Tumeurs germinales séminomateuses pures
Position du problème
Pour les tumeurs séminomateuses pures (TSP), le risque de dissémination
métastatique microscopique est de l’ordre de 15 à 20 %. Les deux principaux
paramètres histologiques significativement associés à la dissémination métastatique ont été la taille de la tumeur primitive et l’invasion du rete testis dans
une population de 638 patients surveillés après l’orchidectomie première. Selon
la présence de zéro, une ou deux de ces variables, les taux d’évolutivité métastatique ont été de 12 %, 16 % et 31 % (14). Historiquement, les attitudes
proposées chez les patients ont été la radiothérapie prophylactique (20 à
25 Grays) des aires ganglionnaires iliaques homolatérales et lombo-aortiques
et la surveillance, sans tenir compte des facteurs pronostiques histologiques.

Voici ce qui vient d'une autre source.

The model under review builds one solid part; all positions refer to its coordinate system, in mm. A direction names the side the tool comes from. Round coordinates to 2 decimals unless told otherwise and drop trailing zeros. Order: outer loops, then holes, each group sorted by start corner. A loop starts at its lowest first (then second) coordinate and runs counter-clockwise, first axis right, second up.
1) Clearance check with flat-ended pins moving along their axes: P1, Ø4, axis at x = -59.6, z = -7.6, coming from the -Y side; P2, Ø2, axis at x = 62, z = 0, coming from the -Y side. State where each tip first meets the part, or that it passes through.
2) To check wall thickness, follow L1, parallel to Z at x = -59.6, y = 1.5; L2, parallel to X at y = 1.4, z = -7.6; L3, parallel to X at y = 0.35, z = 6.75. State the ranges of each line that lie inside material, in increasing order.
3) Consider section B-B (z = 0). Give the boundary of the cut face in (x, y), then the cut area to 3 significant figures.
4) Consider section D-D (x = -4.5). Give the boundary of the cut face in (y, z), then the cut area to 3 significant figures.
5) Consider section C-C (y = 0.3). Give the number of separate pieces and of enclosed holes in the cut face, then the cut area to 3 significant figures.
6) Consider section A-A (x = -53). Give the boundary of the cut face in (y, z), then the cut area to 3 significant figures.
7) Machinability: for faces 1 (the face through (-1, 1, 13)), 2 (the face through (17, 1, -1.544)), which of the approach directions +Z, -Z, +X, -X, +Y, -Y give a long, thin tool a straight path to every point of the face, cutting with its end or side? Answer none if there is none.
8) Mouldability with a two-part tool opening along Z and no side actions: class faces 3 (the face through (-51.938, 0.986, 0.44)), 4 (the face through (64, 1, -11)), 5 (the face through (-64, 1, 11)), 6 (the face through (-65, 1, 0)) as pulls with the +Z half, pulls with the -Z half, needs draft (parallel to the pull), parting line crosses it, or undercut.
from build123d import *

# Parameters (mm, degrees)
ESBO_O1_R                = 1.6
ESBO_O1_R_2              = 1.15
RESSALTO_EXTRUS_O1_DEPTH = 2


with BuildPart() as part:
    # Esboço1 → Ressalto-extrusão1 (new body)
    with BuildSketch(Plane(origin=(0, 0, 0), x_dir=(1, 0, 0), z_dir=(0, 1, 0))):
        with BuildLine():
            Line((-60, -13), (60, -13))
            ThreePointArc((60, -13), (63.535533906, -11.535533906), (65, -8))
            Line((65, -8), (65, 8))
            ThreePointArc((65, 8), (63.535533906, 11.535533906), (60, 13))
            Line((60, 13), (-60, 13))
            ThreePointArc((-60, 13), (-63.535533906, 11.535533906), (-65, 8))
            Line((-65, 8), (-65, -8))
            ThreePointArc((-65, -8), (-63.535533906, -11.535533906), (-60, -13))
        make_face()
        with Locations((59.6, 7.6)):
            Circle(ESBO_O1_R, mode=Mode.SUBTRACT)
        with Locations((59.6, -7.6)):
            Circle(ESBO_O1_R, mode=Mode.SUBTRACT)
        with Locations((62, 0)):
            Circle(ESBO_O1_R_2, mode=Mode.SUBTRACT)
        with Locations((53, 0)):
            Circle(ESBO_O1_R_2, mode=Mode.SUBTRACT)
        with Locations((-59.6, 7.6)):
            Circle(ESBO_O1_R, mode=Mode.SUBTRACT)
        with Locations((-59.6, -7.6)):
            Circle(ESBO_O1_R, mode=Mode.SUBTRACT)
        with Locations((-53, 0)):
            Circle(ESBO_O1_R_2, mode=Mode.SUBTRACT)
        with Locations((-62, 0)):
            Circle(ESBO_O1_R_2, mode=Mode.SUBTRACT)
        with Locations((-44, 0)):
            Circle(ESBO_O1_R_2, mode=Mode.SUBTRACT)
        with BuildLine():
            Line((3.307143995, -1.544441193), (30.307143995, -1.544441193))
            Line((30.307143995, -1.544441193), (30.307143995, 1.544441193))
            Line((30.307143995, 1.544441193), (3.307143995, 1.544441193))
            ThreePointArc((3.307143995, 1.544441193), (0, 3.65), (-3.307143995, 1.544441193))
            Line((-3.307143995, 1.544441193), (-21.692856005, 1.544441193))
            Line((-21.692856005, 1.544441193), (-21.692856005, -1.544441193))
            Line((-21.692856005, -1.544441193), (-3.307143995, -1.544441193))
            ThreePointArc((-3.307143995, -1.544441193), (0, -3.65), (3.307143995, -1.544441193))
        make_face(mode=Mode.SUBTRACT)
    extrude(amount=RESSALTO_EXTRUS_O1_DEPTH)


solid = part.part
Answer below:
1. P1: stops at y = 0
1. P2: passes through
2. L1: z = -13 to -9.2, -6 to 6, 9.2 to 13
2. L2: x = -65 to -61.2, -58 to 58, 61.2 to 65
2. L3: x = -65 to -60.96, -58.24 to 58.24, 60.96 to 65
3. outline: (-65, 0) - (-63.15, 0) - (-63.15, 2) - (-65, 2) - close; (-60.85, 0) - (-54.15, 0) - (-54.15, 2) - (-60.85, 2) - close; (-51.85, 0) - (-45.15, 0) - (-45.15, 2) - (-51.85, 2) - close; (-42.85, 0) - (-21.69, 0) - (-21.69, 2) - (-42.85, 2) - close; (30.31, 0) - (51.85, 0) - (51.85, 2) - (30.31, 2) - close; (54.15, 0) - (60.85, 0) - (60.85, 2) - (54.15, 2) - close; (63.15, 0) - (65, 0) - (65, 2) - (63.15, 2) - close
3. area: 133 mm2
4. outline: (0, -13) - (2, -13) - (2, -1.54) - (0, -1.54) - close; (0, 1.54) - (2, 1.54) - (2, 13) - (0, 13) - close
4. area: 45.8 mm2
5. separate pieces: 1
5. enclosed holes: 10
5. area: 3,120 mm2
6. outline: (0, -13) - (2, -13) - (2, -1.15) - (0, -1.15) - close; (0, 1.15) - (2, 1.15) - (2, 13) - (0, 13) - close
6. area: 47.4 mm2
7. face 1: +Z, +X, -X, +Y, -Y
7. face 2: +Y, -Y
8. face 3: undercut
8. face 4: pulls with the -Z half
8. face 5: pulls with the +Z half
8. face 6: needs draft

Les résultats à long terme de la radiothérapie attestent d’une remarquable efficacité, avec des taux de récidive, essentiellement sus-diaphramatiques ou
osseuses, de l’ordre de 5 %. La surveillance a pour avantage de ne proposer
un traitement (médical ou radiothérapique) que chez les patients qui le nécessitent lors de l’évolutivité métastatique. Les résultats à long terme sont identiques à ceux de la radiothérapie prophylactique avec des survies de 95 % à
100 % (15).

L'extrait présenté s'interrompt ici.